Public health information about diabetes further illustrates the lack of emphasis on the connection between environment and health. Among Native Americans, diabetes (like most other non-infectious chronic diseases) was virtually unknown before World War II. Now, in some tribes, over 60% of adults have diabetes and the age of onset is decreasing with each generation. Much of the research on diabetes among Native Americans focuses on genetic causes or on molecular level differentiations of diabetic types. It gives short shrift to how the disruption in traditional diet and life style and the devaluation of traditional medicine correspond with the dramatic increase in the disease. The connection of indigenous people to the environment that they come from, the types of foods they eat, and activities they perform to prepare those foods are not considered an active component in their health. Diabetic health information focuses on what the individual can do to access mainstream diets and medicine. It does not validate traditional knowledge that prevented diabetes in the past, and ignores how the community as a whole can work together to recreate that knowledge. This does not mean trying to reestablish life as it was 60 years ago, but it does mean putting the current problem in a holistic context that includes history, indigenous knowledge, the interaction between diet and environment, and reasons for lack of access even to non-traditional healthy food.
In 1854, John Snow removed the handle from a London neighborhood water pump that was located a few feet from a sewer ("John Snow Pub," 2006). He believed that this sewage was causing the epidemic of cholera deaths in the neighborhood. Epidemiology textbooks emphasize Snow's connection of cause and effect as the first public health intervention of the modern era. They ignore an analysis of cause: industrialization and dislocation, poverty, over-crowding etc. What options for water did people in the neighborhood have without the pump? Seldom mentioned is that, due to the demand of a thirsty public, the handle was replaced six weeks after its removal.
Public health programs must include methods to share power with communities they hope to help. What are the contributors to ill health in their communities? What are the barriers to good health that the communities identify? Information needs to realistically address what is within the control of the individual and what will take groups of people working together to solve. Methods to improve health in disadvantaged communities must reflect the larger social change and shift in power needed.

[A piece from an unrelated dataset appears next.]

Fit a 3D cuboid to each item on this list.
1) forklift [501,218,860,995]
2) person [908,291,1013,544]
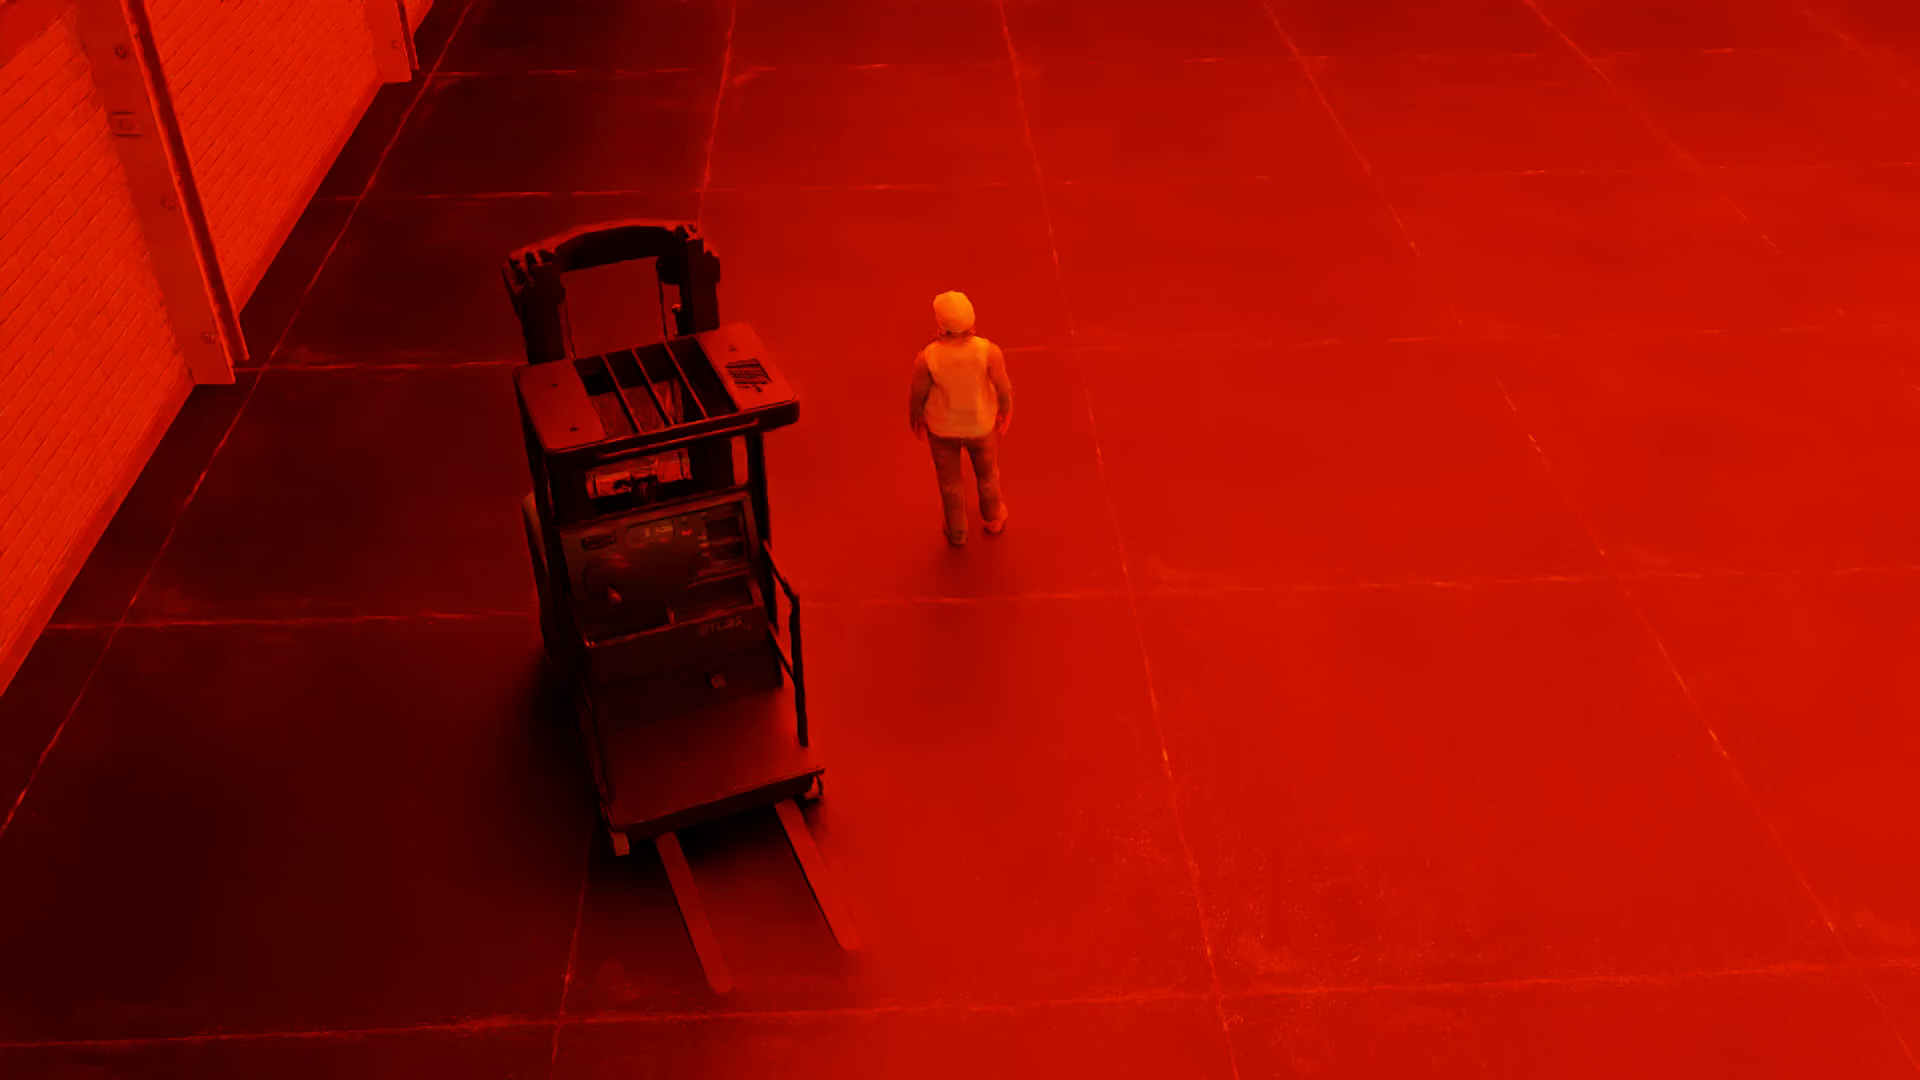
[{"bbox_3d":[-1.356,0.111,7.859,1.130,2.935,3.031,-14,38,-18],"label":"forklift"},{"bbox_3d":[0.005,-0.760,10.024,0.632,1.773,0.567,-2,36,-2],"label":"person"}]

Health information such as Fast Food Nation (Schlosser, 2002) needs to be the norm, not the exception. This book chronicles the entire environment that produces fast food, including social norms and values. Similarly, the documentary film Life and Debt (www.lifeanddebt.org) shows the destruction of healthy, local food production in Jamaica by the combination of multinational food businesses and international government policy.
Health information needs to do more than simply inform. What does not question the present state of affairs will not, for example, bring affordable nutritious food to poor neighborhoods. Nor will it create safe neighborhoods in areas where children cannot exercise. Better access to information may improve health care decisions to some extent; unless it also generates momentum and optimism for social change then it simply perpetuates a focus on individual behavior and treatment of symptoms that have already occurred. Health information needs to look honestly at the conditions that cause ill health, and engage not only those who suffer illness but the entire social and regulatory apparatus that can play a role in improving the conditions that people live in.
Solution:
Demand and produce health information that identifies environmental and social causes of ill-health. Analyze the interconnection between these causes and their solutions, and bring individuals, communities and governments together in putting the solutions into effect. If the struggle with disease becomes a struggle with established power, you may be on the right track.